Каждое межсезонье мы увозили бабушку в больницу поправить здоровье, насколько это возможно, или просто чтобы убедить самих себя, что мы не сидим, сложа руки, и не ждем, когда же все само собой закончится по вполне объективным причинам. Быть рядом – это тоже работа, неимоверно нудная и обнадеживающая кого-то из тех, кто находится на расстоянии вытянутой руки, но точно не тебя. Кажется, что постоянное бездействие гораздо важнее, чем деятельность, не приводящая ни к каким результатам, кажется, что все истории, которые тебе рассказывают, ты уже не раз слышал, кажется, что на все вопросы, которые могли быть заданы, ответы уже прозвучали.

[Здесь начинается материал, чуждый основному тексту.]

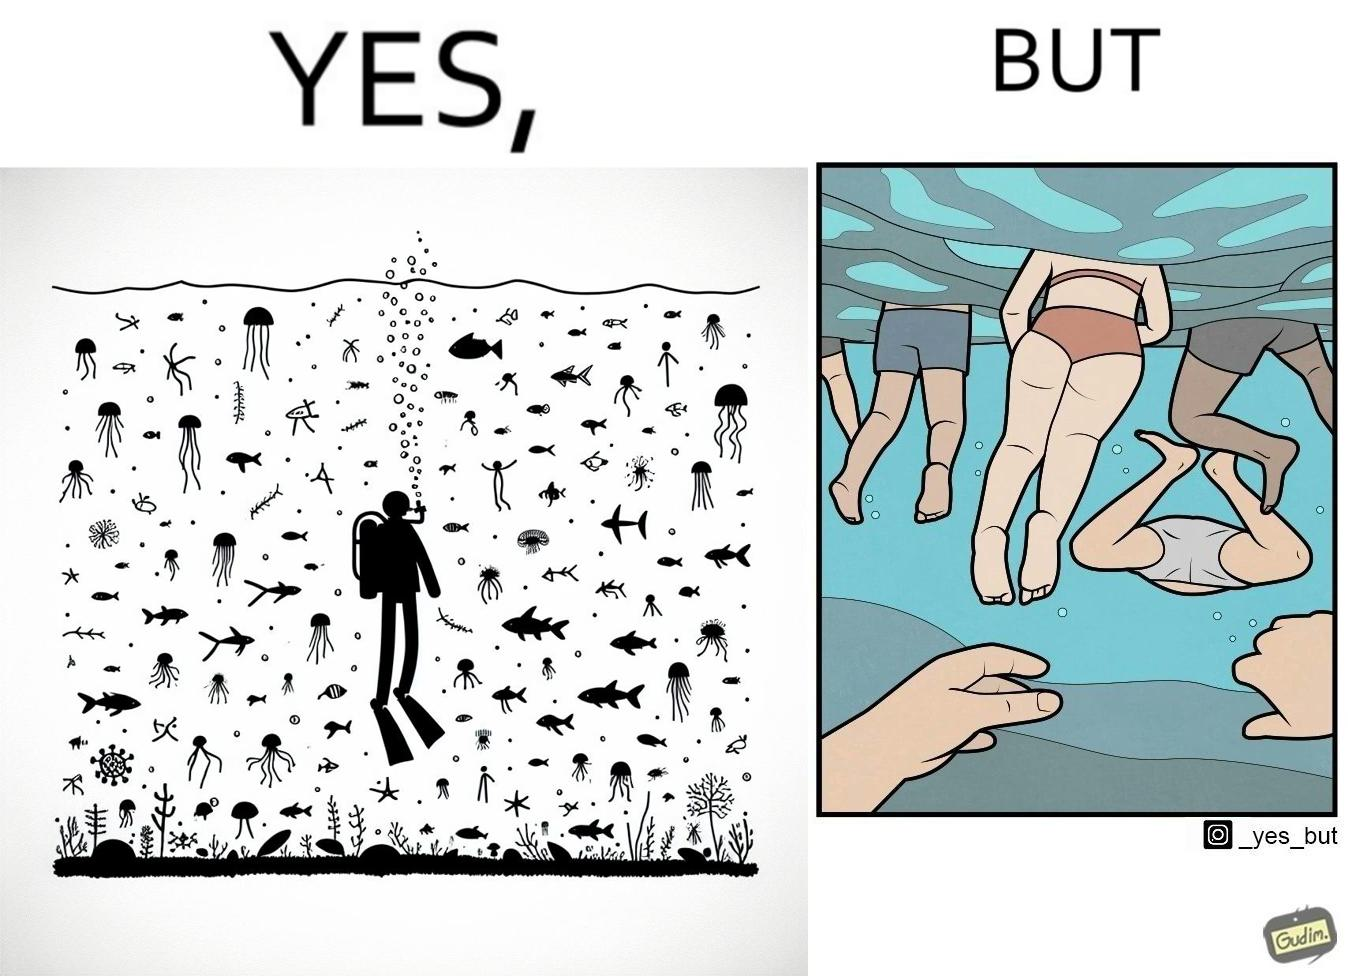Explain the humor or irony in this image. The image is ironic, because some people like to enjoy watching the biodiversity under water but they are not able to explore this due to excess crowd in such places where people like to play, swim etc. in water 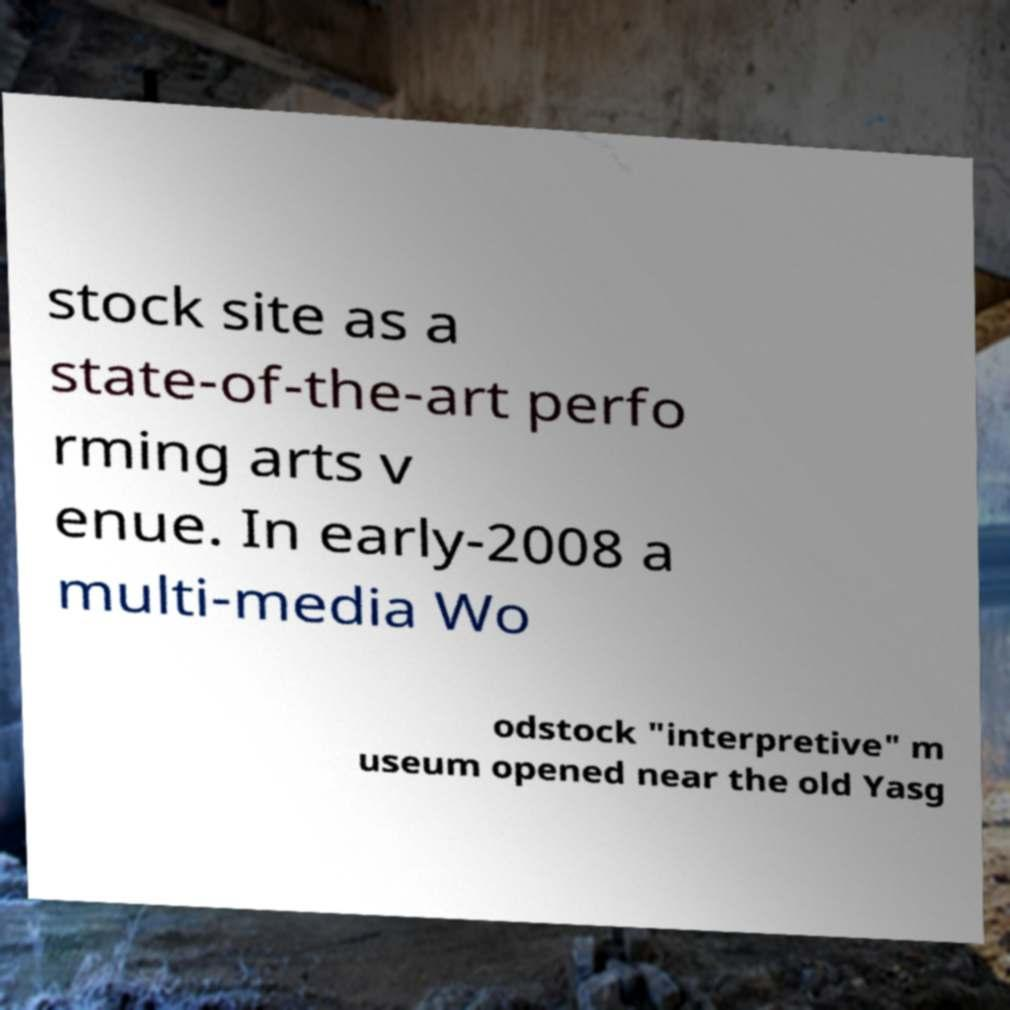Can you read and provide the text displayed in the image?This photo seems to have some interesting text. Can you extract and type it out for me? stock site as a state-of-the-art perfo rming arts v enue. In early-2008 a multi-media Wo odstock "interpretive" m useum opened near the old Yasg 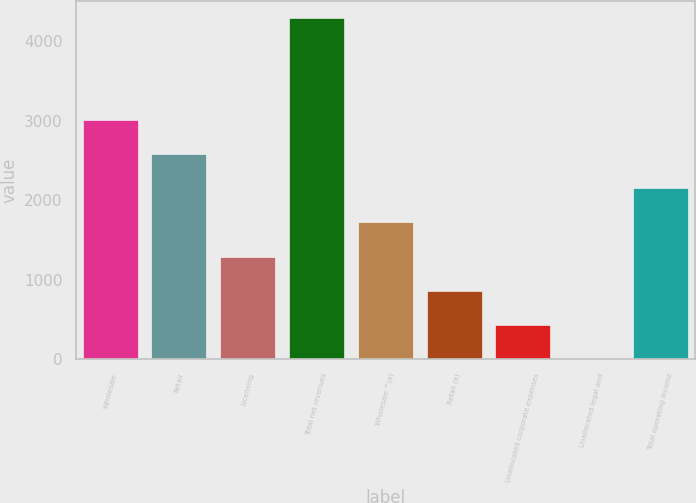Convert chart. <chart><loc_0><loc_0><loc_500><loc_500><bar_chart><fcel>Wholesale<fcel>Retail<fcel>Licensing<fcel>Total net revenues<fcel>Wholesale ^(a)<fcel>Retail (a)<fcel>Unallocated corporate expenses<fcel>Unallocated legal and<fcel>Total operating income<nl><fcel>3009.06<fcel>2580.28<fcel>1293.94<fcel>4295.4<fcel>1722.72<fcel>865.16<fcel>436.38<fcel>7.6<fcel>2151.5<nl></chart> 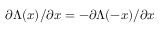<formula> <loc_0><loc_0><loc_500><loc_500>\partial \Lambda ( x ) / \partial x = - \partial \Lambda ( - x ) / \partial x</formula>

– Как мать? – спрашивала она меня, сидя на больничной койке в отдельной палате, раскачиваясь, словно перезревший мотылек под светильником.
– Хорошо. – отвечал я.
– Снег тает…Весна?
– Осень…
– Еще только осень?
– А ты куда-то торопишься?
– Я? – удивленно смотрела на меня, пытаясь вспомнить, что значит, для нее слово торопиться. Подумав немного, давала ответ: – Куда торопиться?
– Не знаю. – я старался обнадеживающе улыбаться и пожимал плечами, – Отдыхай!
– Доктора здесь хорошие? – спрашивала меня бабушка, не обращая внимания на брошенные мной фразы.
– Лучшие! – уверено говорил я, хотя еще ни с одним доктором не был знаком, – К другим не возим!
– Может домой? – спрашивала она, морщась изо всех сил, от неудовольствия расставляя глубокие морщины по своим местам, – Там дед один!
– Справится!
– Ну, ты его навещай… и брату скажи…
– Хорошо, хорошо, – я обнимал ее за плечи и старался уложить в кровать, наблюдая, как она руками старается оттолкнуться от матраса и встать на ноги, вытягивая на сколько можно носки, чтобы коснуться пола. – Полежи. Брат приедет к тебе после обеда, а я, тем временем, заеду к дедушке.
Она услышала меня, смиренно сжала губы и начала откидываться на подушку, бормоча одну и ту же фразу: «Ну и слава тебе Господи! Ну и слава тебе Господи!» и плавно отворачиваясь к стене.
Я осмотрел палату, в углу умывальник, на раковине, в лоточке, кусок розового мыла, словно вырванный анорексичный бицепс. Еще одна плотно застеленная кровать примостилась у соседней стены, прижавшись к тумбочке с оторванной дверцей. Под кроватью, судно, утка…чисто… сойдет… Новое исцарапанное пластиковое окно, в которое стучат скрюченные, пропитанные осенними дождями и снегом, грязные ветки.